AIM OF THE EXERCISE → Where the string "font" occurs in the material below, report the whole line.

MATERIAL PROVIDED →
*-*-*
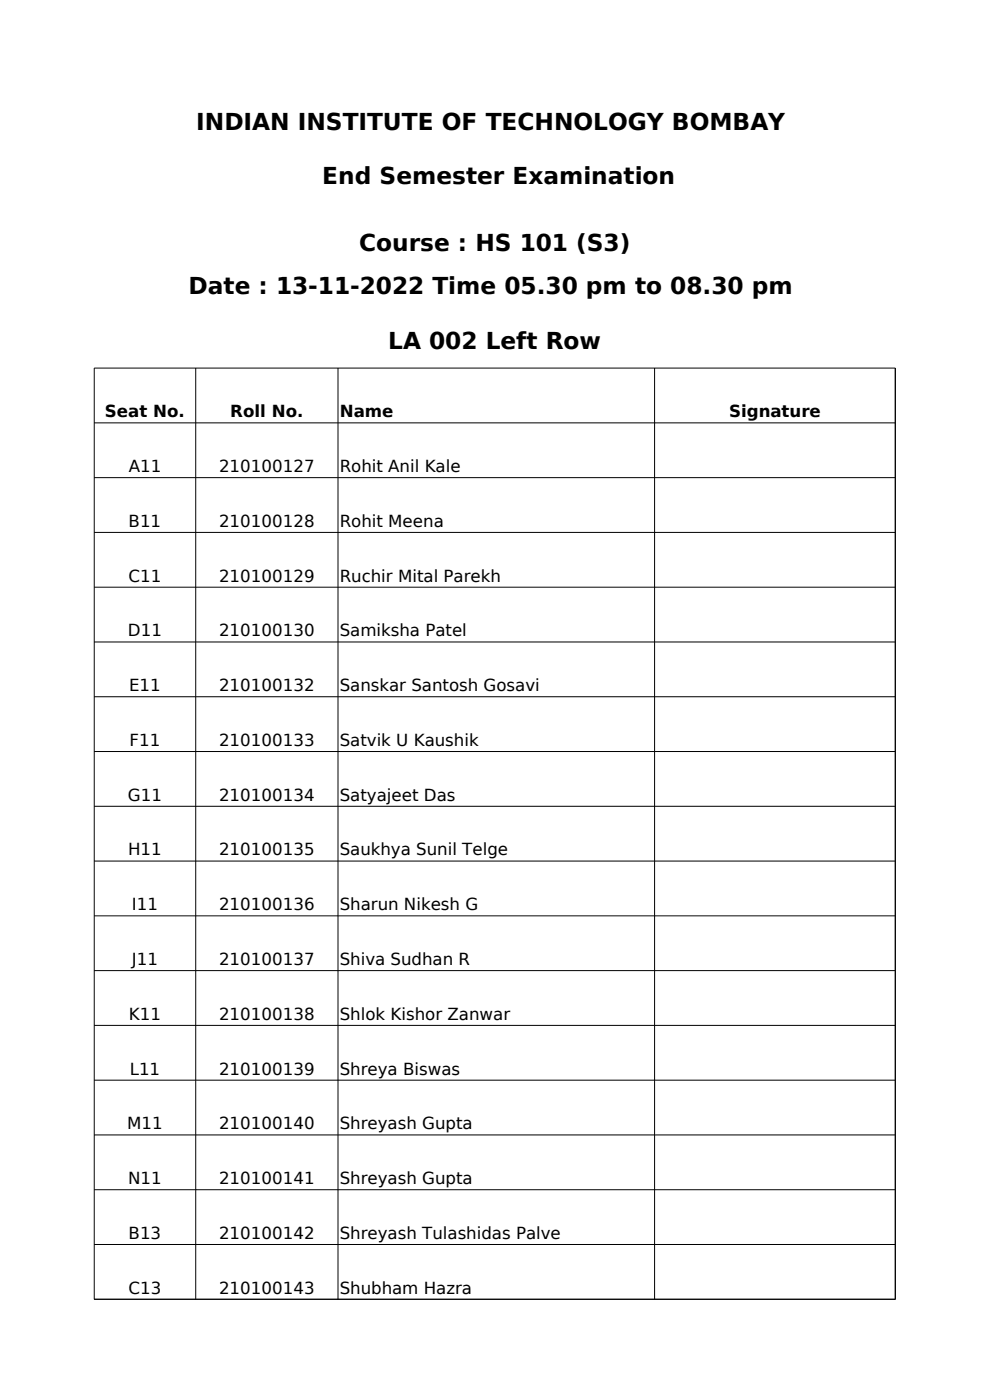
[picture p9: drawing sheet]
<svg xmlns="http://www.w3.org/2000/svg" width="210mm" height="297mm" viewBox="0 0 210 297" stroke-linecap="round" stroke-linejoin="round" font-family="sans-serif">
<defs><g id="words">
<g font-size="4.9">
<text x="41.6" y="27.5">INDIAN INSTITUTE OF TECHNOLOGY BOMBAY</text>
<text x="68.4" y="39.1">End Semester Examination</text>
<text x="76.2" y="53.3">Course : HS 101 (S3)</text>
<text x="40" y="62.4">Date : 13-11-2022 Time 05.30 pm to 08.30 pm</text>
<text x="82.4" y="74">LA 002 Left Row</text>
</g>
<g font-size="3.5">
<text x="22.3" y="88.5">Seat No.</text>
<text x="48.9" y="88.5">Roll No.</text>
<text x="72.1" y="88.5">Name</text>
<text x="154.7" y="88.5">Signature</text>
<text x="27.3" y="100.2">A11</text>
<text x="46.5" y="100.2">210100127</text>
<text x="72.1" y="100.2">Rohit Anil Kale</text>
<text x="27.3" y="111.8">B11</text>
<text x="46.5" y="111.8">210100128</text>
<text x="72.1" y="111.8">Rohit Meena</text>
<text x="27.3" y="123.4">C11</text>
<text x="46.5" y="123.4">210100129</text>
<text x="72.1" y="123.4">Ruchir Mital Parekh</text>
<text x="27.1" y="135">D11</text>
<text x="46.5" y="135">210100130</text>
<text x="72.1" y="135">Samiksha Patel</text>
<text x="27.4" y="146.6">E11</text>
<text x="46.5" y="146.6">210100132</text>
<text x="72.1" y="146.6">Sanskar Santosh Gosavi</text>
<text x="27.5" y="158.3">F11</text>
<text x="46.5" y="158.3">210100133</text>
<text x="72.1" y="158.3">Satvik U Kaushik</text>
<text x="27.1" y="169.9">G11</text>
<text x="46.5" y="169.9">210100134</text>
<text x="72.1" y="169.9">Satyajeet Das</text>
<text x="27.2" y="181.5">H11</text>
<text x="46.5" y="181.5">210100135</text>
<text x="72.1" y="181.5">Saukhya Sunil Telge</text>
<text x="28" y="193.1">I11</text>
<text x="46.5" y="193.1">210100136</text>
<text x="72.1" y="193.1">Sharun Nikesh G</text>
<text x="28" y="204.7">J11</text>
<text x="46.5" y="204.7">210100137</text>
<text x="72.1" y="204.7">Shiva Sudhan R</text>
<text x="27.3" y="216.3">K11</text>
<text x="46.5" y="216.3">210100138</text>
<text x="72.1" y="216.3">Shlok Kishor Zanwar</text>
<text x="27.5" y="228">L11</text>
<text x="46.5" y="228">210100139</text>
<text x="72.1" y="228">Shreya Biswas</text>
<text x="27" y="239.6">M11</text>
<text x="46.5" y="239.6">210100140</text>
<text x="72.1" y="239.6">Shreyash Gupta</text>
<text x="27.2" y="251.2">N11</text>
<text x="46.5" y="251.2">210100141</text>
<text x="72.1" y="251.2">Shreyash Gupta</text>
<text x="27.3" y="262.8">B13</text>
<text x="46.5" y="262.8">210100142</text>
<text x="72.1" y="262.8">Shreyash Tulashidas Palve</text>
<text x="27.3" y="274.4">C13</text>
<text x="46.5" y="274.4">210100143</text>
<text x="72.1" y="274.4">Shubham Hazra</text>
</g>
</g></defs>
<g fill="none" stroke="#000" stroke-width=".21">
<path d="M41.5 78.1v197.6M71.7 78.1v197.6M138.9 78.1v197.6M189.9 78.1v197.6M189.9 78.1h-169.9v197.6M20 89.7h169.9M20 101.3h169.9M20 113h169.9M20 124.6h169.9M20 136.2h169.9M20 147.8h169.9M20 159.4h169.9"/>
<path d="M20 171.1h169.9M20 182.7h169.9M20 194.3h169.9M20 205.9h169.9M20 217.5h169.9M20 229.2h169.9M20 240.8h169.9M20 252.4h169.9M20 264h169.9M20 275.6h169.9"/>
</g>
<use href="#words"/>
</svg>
*-*-*
OUTPUT OF THE EXERCISE →
<svg xmlns="http://www.w3.org/2000/svg" width="210mm" height="297mm" viewBox="0 0 210 297" stroke-linecap="round" stroke-linejoin="round" font-family="sans-serif">
<g font-size="4.9">
<g font-size="3.5">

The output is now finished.